Шрифт:
Интервал:
Закладка:
– Жили мы с Петей как в страшном сне. Ночами не спим, дочкин голос мерещится. По городу чеченцы разъезжают, из ружей палят, хороводы водят. Где русских увидят, набрасываются. Дудаев грозит Москву штурмом взять, всех русских из Чечни выселить. А потом в Грозный танки вошли. Пальба, грохот. Уж не знаю, кто эти танки на верную смерть послал, только их всех подбили, а танкистов, которые живые остались, тут же, обгорелых, у стен постреляли. Один мальчишка-танкистик к нам в дом пробрался. Стал молить, чтоб спрятали. Молоденький, бритый, голова перевязана, рука как плеть, слезы текут. Мы его с Петей в подпол укрыли. Да сосед-чеченец выдал. Приходят с оружием: «Где, говорят, у вас русская свинья прячется?» Петя мой отвечает: «Нету здесь свиней, люди живут». «А вот мы сейчас посмотрим!» Открыли подпол, вытащили паренька. Вместе с Петей моим на крыльце расстреляли. Как стали город бомбить, начались пожары, днем и ночью стрельба. Я в церковь пошла, батюшки нету, один старичок-псаломщик служит.
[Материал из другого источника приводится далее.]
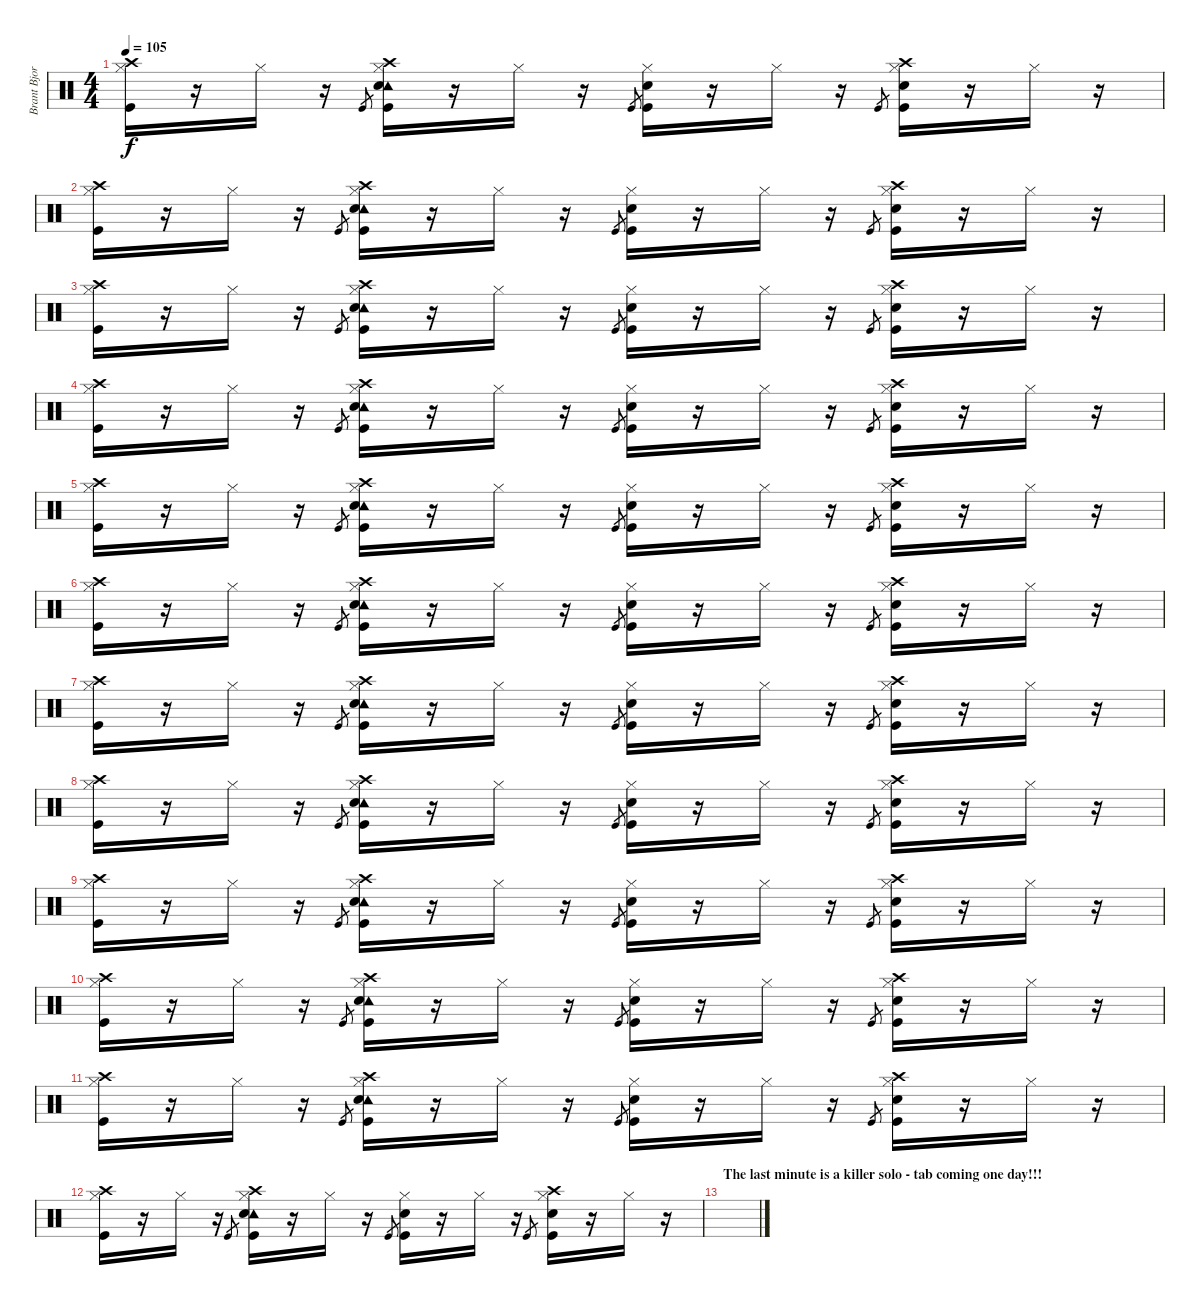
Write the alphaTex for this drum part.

\track ("Brant Bjork - Drums" "Brant Bjor") {instrument percussion}
\staff {score}
\articulation defaults
\ts (4 4)
\tempo 105
\clef neutral
\ks c
("Crash high (hit)" "Hi-Hat (closed)" "Kick (hit)").16{dy f} r.16 "Hi-Hat (closed)".16 r.16 "Kick (hit)".8{gr} ("Crash high (hit)" "Hi-Hat (closed)" "Tambourine (hit)" "Snare (hit) 2" "Kick (hit)").16 r.16 "Hi-Hat (closed)".16 r.16 "Kick (hit)".8{gr} ("Hi-Hat (closed)" "Snare (hit) 2" "Kick (hit)").16 r.16 "Hi-Hat (closed)".16 r.16 "Kick (hit)".8{gr} ("Crash high (hit)" "Hi-Hat (closed)" "Snare (hit) 2" "Kick (hit)").16 r.16 "Hi-Hat (closed)".16 r.16 |
("Crash high (hit)" "Hi-Hat (closed)" "Kick (hit)").16 r.16 "Hi-Hat (closed)".16 r.16 "Kick (hit)".8{gr} ("Crash high (hit)" "Hi-Hat (closed)" "Tambourine (hit)" "Snare (hit) 2" "Kick (hit)").16 r.16 "Hi-Hat (closed)".16 r.16 "Kick (hit)".8{gr} ("Hi-Hat (closed)" "Snare (hit) 2" "Kick (hit)").16 r.16 "Hi-Hat (closed)".16 r.16 "Kick (hit)".8{gr} ("Crash high (hit)" "Hi-Hat (closed)" "Snare (hit) 2" "Kick (hit)").16 r.16 "Hi-Hat (closed)".16 r.16 |
("Crash high (hit)" "Hi-Hat (closed)" "Kick (hit)").16 r.16 "Hi-Hat (closed)".16 r.16 "Kick (hit)".8{gr} ("Crash high (hit)" "Hi-Hat (closed)" "Tambourine (hit)" "Snare (hit) 2" "Kick (hit)").16 r.16 "Hi-Hat (closed)".16 r.16 "Kick (hit)".8{gr} ("Hi-Hat (closed)" "Snare (hit) 2" "Kick (hit)").16 r.16 "Hi-Hat (closed)".16 r.16 "Kick (hit)".8{gr} ("Crash high (hit)" "Hi-Hat (closed)" "Snare (hit) 2" "Kick (hit)").16 r.16 "Hi-Hat (closed)".16 r.16 |
("Crash high (hit)" "Hi-Hat (closed)" "Kick (hit)").16 r.16 "Hi-Hat (closed)".16 r.16 "Kick (hit)".8{gr} ("Crash high (hit)" "Hi-Hat (closed)" "Tambourine (hit)" "Snare (hit) 2" "Kick (hit)").16 r.16 "Hi-Hat (closed)".16 r.16 "Kick (hit)".8{gr} ("Hi-Hat (closed)" "Snare (hit) 2" "Kick (hit)").16 r.16 "Hi-Hat (closed)".16 r.16 "Kick (hit)".8{gr} ("Crash high (hit)" "Hi-Hat (closed)" "Snare (hit) 2" "Kick (hit)").16 r.16 "Hi-Hat (closed)".16 r.16 |
("Crash high (hit)" "Hi-Hat (closed)" "Kick (hit)").16 r.16 "Hi-Hat (closed)".16 r.16 "Kick (hit)".8{gr} ("Crash high (hit)" "Hi-Hat (closed)" "Tambourine (hit)" "Snare (hit) 2" "Kick (hit)").16 r.16 "Hi-Hat (closed)".16 r.16 "Kick (hit)".8{gr} ("Hi-Hat (closed)" "Snare (hit) 2" "Kick (hit)").16 r.16 "Hi-Hat (closed)".16 r.16 "Kick (hit)".8{gr} ("Crash high (hit)" "Hi-Hat (closed)" "Snare (hit) 2" "Kick (hit)").16 r.16 "Hi-Hat (closed)".16 r.16 |
("Crash high (hit)" "Hi-Hat (closed)" "Kick (hit)").16 r.16 "Hi-Hat (closed)".16 r.16 "Kick (hit)".8{gr} ("Crash high (hit)" "Hi-Hat (closed)" "Tambourine (hit)" "Snare (hit) 2" "Kick (hit)").16 r.16 "Hi-Hat (closed)".16 r.16 "Kick (hit)".8{gr} ("Hi-Hat (closed)" "Snare (hit) 2" "Kick (hit)").16 r.16 "Hi-Hat (closed)".16 r.16 "Kick (hit)".8{gr} ("Crash high (hit)" "Hi-Hat (closed)" "Snare (hit) 2" "Kick (hit)").16 r.16 "Hi-Hat (closed)".16 r.16 |
("Crash high (hit)" "Hi-Hat (closed)" "Kick (hit)").16 r.16 "Hi-Hat (closed)".16 r.16 "Kick (hit)".8{gr} ("Crash high (hit)" "Hi-Hat (closed)" "Tambourine (hit)" "Snare (hit) 2" "Kick (hit)").16 r.16 "Hi-Hat (closed)".16 r.16 "Kick (hit)".8{gr} ("Hi-Hat (closed)" "Snare (hit) 2" "Kick (hit)").16 r.16 "Hi-Hat (closed)".16 r.16 "Kick (hit)".8{gr} ("Crash high (hit)" "Hi-Hat (closed)" "Snare (hit) 2" "Kick (hit)").16 r.16 "Hi-Hat (closed)".16 r.16 |
("Crash high (hit)" "Hi-Hat (closed)" "Kick (hit)").16 r.16 "Hi-Hat (closed)".16 r.16 "Kick (hit)".8{gr} ("Crash high (hit)" "Hi-Hat (closed)" "Tambourine (hit)" "Snare (hit) 2" "Kick (hit)").16 r.16 "Hi-Hat (closed)".16 r.16 "Kick (hit)".8{gr} ("Hi-Hat (closed)" "Snare (hit) 2" "Kick (hit)").16 r.16 "Hi-Hat (closed)".16 r.16 "Kick (hit)".8{gr} ("Crash high (hit)" "Hi-Hat (closed)" "Snare (hit) 2" "Kick (hit)").16 r.16 "Hi-Hat (closed)".16 r.16 |
("Crash high (hit)" "Hi-Hat (closed)" "Kick (hit)").16 r.16 "Hi-Hat (closed)".16 r.16 "Kick (hit)".8{gr} ("Crash high (hit)" "Hi-Hat (closed)" "Tambourine (hit)" "Snare (hit) 2" "Kick (hit)").16 r.16 "Hi-Hat (closed)".16 r.16 "Kick (hit)".8{gr} ("Hi-Hat (closed)" "Snare (hit) 2" "Kick (hit)").16 r.16 "Hi-Hat (closed)".16 r.16 "Kick (hit)".8{gr} ("Crash high (hit)" "Hi-Hat (closed)" "Snare (hit) 2" "Kick (hit)").16 r.16 "Hi-Hat (closed)".16 r.16 |
("Crash high (hit)" "Hi-Hat (closed)" "Kick (hit)").16 r.16 "Hi-Hat (closed)".16 r.16 "Kick (hit)".8{gr} ("Crash high (hit)" "Hi-Hat (closed)" "Tambourine (hit)" "Snare (hit) 2" "Kick (hit)").16 r.16 "Hi-Hat (closed)".16 r.16 "Kick (hit)".8{gr} ("Hi-Hat (closed)" "Snare (hit) 2" "Kick (hit)").16 r.16 "Hi-Hat (closed)".16 r.16 "Kick (hit)".8{gr} ("Crash high (hit)" "Hi-Hat (closed)" "Snare (hit) 2" "Kick (hit)").16 r.16 "Hi-Hat (closed)".16 r.16 |
("Crash high (hit)" "Hi-Hat (closed)" "Kick (hit)").16 r.16 "Hi-Hat (closed)".16 r.16 "Kick (hit)".8{gr} ("Crash high (hit)" "Hi-Hat (closed)" "Tambourine (hit)" "Snare (hit) 2" "Kick (hit)").16 r.16 "Hi-Hat (closed)".16 r.16 "Kick (hit)".8{gr} ("Hi-Hat (closed)" "Snare (hit) 2" "Kick (hit)").16 r.16 "Hi-Hat (closed)".16 r.16 "Kick (hit)".8{gr} ("Crash high (hit)" "Hi-Hat (closed)" "Snare (hit) 2" "Kick (hit)").16 r.16 "Hi-Hat (closed)".16 r.16 |
("Crash high (hit)" "Hi-Hat (closed)" "Kick (hit)").16 r.16 "Hi-Hat (closed)".16 r.16 "Kick (hit)".8{gr} ("Crash high (hit)" "Hi-Hat (closed)" "Tambourine (hit)" "Snare (hit) 2" "Kick (hit)").16 r.16 "Hi-Hat (closed)".16 r.16 "Kick (hit)".8{gr} ("Hi-Hat (closed)" "Snare (hit) 2" "Kick (hit)").16 r.16 "Hi-Hat (closed)".16 r.16 "Kick (hit)".8{gr} ("Crash high (hit)" "Hi-Hat (closed)" "Snare (hit) 2" "Kick (hit)").16 r.16 "Hi-Hat (closed)".16 r.16 |
\section ("" "The last minute is a killer solo - tab coming one day!!!")

Встала я перед образом Богородицы и молю:
«Заступница, Царица Небесная, сотри этот город с земли, чтобы ни камушка не осталось!.. Чтобы в каждый чеченский дом бомба упала!.. Чтобы каждого чеченца пуля насквозь пробила!.. А меня за эту грешную молитву убей!.. Я и так жить не хочу!..» Вышла из церкви и пошла без пути. Кругом все рвется, горит, дом за домом падают. «Ну убей же меня, убей!» Ан нет, не убивает, ведет среди пожаров…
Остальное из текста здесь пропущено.